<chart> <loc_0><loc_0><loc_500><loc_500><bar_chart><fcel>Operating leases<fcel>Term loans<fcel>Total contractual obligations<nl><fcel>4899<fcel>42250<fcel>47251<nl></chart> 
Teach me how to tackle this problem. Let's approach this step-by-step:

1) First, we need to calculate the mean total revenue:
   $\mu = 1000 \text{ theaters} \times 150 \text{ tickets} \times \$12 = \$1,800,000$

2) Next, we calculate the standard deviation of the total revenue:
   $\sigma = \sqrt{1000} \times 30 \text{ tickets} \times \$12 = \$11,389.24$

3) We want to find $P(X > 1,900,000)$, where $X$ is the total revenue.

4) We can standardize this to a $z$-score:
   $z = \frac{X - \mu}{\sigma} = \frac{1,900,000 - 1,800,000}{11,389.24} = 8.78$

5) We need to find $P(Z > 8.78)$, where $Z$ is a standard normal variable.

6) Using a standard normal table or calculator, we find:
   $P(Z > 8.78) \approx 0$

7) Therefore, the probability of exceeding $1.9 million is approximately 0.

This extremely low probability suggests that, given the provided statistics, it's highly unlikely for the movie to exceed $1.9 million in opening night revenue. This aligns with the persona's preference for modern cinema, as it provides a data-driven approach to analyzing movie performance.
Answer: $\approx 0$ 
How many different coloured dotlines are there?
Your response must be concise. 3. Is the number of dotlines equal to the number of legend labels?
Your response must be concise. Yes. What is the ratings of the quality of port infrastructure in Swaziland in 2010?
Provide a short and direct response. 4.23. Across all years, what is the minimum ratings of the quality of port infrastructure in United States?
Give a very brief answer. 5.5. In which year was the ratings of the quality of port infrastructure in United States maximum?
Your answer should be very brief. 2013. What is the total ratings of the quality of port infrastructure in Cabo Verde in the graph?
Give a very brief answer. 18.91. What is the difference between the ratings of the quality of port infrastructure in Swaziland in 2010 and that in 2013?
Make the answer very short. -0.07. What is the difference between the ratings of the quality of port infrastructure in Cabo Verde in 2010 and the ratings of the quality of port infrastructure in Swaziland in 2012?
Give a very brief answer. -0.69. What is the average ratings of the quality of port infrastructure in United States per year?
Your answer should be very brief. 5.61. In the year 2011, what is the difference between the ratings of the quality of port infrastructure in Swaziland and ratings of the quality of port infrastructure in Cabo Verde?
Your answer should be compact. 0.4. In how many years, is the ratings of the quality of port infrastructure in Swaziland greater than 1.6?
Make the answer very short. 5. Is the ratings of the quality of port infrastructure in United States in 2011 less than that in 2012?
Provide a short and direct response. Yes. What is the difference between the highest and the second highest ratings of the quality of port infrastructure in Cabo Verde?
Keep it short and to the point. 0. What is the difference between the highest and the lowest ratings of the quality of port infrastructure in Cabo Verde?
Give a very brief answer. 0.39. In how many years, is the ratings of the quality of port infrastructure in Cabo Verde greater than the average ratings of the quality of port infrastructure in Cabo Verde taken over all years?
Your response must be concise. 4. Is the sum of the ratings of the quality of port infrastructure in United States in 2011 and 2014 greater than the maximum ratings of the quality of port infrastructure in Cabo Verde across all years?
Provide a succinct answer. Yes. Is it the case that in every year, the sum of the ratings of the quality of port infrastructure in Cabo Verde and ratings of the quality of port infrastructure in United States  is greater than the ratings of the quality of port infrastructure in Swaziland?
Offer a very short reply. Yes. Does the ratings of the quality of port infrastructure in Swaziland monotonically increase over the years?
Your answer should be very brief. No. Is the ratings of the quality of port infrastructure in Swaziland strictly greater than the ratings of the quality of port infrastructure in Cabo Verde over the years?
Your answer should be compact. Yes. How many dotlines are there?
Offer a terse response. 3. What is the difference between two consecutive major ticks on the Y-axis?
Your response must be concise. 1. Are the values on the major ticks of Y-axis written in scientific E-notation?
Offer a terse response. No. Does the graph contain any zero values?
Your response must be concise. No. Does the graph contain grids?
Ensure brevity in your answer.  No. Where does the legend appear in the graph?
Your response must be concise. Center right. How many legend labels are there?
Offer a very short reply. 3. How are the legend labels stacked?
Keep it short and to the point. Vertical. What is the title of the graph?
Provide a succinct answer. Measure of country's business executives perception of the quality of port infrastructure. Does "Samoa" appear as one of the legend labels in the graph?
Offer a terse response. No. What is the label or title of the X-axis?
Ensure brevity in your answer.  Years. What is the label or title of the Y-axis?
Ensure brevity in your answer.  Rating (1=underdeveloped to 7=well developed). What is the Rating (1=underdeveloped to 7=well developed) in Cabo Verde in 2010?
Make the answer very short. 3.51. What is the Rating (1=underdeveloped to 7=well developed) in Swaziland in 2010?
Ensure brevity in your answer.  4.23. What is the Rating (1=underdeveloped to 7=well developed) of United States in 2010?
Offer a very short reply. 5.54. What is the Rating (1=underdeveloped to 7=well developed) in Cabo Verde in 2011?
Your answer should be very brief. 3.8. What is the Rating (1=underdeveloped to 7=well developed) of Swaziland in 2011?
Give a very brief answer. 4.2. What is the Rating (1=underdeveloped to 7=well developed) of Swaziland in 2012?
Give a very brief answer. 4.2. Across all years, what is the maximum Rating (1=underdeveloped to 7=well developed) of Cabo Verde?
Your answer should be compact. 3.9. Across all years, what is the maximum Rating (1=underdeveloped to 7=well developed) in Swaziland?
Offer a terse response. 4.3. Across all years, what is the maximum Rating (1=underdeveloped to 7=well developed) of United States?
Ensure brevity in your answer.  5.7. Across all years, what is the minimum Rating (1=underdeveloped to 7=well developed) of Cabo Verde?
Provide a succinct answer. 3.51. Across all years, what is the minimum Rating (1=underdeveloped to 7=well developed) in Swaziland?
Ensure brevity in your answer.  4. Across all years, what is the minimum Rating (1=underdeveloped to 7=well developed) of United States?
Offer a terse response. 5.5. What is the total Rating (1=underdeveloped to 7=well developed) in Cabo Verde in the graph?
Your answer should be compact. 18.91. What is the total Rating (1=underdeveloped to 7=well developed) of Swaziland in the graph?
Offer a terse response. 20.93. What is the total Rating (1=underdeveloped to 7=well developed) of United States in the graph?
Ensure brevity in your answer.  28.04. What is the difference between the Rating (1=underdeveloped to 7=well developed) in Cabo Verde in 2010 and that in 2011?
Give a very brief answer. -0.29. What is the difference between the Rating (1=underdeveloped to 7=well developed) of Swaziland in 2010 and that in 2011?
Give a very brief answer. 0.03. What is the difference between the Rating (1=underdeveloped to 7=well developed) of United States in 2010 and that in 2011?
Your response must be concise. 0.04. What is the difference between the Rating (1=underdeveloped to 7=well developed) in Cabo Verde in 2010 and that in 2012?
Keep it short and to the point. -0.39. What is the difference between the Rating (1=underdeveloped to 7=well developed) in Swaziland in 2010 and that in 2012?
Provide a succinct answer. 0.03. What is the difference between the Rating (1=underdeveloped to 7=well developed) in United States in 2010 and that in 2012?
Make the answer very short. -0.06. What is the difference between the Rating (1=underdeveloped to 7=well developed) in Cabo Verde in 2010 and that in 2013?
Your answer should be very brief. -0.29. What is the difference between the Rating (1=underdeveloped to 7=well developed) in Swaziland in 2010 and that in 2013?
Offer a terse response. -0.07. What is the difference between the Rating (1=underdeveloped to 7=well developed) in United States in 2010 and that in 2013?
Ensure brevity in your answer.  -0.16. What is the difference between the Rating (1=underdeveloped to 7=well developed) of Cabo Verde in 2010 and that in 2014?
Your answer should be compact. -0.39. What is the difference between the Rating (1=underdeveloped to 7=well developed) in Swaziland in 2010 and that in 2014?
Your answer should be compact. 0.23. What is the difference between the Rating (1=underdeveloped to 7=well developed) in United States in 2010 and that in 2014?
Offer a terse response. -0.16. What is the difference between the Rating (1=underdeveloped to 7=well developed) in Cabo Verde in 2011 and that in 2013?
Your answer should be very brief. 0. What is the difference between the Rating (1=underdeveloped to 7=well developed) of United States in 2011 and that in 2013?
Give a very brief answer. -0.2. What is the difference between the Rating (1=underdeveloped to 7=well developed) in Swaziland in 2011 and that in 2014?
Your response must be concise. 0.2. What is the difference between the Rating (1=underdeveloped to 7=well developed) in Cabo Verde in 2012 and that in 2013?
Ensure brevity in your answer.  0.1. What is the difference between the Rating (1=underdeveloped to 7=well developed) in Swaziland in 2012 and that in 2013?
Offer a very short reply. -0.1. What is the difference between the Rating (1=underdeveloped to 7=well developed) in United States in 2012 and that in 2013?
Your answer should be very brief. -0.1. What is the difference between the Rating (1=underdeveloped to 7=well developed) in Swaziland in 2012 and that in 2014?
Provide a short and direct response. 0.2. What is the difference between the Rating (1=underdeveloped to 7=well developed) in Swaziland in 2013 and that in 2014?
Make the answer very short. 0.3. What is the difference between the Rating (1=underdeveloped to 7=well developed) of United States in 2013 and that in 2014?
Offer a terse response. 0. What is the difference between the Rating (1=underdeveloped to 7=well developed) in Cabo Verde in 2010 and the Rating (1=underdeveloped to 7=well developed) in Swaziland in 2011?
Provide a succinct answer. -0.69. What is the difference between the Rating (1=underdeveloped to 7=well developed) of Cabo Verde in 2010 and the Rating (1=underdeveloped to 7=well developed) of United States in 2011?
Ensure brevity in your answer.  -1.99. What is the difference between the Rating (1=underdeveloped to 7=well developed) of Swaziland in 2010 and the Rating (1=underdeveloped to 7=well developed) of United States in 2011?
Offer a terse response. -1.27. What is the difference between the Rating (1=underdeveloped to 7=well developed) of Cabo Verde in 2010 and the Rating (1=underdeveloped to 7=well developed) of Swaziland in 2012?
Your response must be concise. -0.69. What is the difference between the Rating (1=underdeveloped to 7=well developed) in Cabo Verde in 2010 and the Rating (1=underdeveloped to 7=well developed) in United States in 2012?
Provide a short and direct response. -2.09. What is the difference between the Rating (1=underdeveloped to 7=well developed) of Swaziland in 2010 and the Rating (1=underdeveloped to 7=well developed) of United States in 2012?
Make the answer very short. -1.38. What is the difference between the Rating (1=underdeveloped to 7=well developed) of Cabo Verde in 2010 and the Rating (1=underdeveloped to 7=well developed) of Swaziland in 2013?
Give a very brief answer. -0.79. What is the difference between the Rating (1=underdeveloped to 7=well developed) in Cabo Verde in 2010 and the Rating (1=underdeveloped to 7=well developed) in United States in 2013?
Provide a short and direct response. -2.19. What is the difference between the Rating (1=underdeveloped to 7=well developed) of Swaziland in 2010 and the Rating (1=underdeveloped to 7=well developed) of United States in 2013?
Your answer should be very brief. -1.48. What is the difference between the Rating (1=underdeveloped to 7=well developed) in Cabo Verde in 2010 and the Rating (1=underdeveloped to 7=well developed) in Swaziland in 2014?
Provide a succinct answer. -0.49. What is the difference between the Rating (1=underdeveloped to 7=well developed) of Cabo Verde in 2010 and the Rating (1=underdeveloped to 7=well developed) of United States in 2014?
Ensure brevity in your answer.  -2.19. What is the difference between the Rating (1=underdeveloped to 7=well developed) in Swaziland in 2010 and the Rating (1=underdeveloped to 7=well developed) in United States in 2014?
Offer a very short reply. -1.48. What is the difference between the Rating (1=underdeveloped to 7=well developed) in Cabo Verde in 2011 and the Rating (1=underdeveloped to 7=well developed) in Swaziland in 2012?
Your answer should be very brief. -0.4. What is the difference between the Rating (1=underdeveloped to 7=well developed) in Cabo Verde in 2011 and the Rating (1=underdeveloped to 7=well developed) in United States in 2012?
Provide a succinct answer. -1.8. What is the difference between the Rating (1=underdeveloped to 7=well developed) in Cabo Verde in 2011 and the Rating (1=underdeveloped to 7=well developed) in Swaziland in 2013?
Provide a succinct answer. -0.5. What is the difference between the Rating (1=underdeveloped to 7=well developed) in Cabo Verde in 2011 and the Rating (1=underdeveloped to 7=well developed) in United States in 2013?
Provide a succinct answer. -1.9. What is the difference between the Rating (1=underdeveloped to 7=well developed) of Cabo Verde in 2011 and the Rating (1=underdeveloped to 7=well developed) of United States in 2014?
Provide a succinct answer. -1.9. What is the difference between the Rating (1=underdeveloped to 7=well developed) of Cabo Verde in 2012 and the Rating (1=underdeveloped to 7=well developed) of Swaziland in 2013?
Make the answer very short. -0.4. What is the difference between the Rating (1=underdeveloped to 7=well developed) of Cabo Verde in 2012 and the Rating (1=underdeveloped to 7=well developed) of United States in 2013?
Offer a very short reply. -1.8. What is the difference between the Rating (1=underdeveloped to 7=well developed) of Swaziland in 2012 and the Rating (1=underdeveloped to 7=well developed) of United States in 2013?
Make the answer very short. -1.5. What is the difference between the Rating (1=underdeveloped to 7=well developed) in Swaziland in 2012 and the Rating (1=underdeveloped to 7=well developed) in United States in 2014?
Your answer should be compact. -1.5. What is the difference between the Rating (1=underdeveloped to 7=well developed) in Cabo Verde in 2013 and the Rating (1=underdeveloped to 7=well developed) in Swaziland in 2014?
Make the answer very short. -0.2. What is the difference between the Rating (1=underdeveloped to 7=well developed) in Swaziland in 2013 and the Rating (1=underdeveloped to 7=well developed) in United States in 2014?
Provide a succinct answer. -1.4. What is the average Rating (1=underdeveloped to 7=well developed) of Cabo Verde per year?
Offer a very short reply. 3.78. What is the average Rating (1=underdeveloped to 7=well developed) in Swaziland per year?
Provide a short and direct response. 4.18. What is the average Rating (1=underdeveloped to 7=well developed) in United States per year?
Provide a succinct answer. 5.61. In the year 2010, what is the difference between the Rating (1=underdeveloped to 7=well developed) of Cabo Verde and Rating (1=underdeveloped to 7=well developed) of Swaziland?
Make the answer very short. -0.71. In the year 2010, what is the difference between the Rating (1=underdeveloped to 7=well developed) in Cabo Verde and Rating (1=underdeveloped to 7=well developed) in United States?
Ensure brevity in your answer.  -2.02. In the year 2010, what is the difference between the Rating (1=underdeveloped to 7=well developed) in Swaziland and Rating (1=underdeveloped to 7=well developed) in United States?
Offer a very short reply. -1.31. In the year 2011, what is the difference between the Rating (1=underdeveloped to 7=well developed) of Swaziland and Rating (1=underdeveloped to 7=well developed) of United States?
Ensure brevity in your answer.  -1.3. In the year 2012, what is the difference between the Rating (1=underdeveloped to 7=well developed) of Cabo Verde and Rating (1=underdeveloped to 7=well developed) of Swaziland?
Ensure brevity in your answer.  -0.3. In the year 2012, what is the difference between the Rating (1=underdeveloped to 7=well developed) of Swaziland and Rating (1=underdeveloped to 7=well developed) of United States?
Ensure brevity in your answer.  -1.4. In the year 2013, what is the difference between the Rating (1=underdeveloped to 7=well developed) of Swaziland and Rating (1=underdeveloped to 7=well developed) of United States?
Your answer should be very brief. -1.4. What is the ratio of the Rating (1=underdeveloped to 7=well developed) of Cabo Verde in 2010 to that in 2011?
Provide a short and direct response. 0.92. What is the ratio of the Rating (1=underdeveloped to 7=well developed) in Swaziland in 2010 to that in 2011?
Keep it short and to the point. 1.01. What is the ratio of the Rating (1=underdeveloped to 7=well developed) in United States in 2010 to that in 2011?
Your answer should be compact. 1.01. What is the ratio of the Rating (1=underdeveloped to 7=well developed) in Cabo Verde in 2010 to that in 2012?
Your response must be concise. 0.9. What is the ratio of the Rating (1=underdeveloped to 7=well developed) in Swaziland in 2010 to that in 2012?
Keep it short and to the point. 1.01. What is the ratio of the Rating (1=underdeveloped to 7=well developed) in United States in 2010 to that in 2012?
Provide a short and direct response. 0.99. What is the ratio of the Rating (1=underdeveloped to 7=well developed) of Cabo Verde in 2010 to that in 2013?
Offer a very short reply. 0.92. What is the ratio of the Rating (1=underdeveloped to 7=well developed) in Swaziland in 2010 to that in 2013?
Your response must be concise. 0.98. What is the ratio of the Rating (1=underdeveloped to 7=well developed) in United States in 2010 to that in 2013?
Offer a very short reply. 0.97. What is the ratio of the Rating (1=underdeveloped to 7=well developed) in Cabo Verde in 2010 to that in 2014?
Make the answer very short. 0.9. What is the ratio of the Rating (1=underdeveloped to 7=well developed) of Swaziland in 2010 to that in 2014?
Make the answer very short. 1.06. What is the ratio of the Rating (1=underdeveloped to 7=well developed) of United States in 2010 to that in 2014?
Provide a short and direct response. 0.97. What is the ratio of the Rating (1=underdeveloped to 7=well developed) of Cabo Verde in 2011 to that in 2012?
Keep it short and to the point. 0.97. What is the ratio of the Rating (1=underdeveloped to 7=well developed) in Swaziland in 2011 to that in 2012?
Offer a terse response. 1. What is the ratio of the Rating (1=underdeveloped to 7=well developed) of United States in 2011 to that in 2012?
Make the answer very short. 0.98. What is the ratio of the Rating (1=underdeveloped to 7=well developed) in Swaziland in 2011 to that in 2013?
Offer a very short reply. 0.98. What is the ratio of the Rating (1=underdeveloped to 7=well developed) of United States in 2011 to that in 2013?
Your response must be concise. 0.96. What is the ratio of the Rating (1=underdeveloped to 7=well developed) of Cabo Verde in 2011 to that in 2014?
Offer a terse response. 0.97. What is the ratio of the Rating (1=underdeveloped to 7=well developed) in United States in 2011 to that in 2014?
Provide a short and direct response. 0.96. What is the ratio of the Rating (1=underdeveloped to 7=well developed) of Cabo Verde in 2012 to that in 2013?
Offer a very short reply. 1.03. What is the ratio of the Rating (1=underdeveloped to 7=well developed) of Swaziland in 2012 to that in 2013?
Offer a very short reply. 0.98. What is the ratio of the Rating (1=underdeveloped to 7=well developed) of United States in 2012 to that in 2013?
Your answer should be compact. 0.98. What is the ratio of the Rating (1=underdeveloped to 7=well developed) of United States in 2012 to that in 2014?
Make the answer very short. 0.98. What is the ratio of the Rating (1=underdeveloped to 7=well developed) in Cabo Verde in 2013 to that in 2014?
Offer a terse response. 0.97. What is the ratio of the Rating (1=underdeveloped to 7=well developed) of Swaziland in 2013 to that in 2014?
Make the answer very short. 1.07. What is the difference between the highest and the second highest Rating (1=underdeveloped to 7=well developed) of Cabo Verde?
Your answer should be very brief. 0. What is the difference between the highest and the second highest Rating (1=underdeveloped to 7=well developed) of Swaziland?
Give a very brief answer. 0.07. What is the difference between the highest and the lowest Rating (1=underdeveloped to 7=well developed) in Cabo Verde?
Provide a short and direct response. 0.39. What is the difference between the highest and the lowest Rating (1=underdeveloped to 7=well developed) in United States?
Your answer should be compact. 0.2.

________________________________________

* _Assignment_: If a line of the records above includes the word "text", count it; state the final number with no other words.

* _Completed exercise_: 2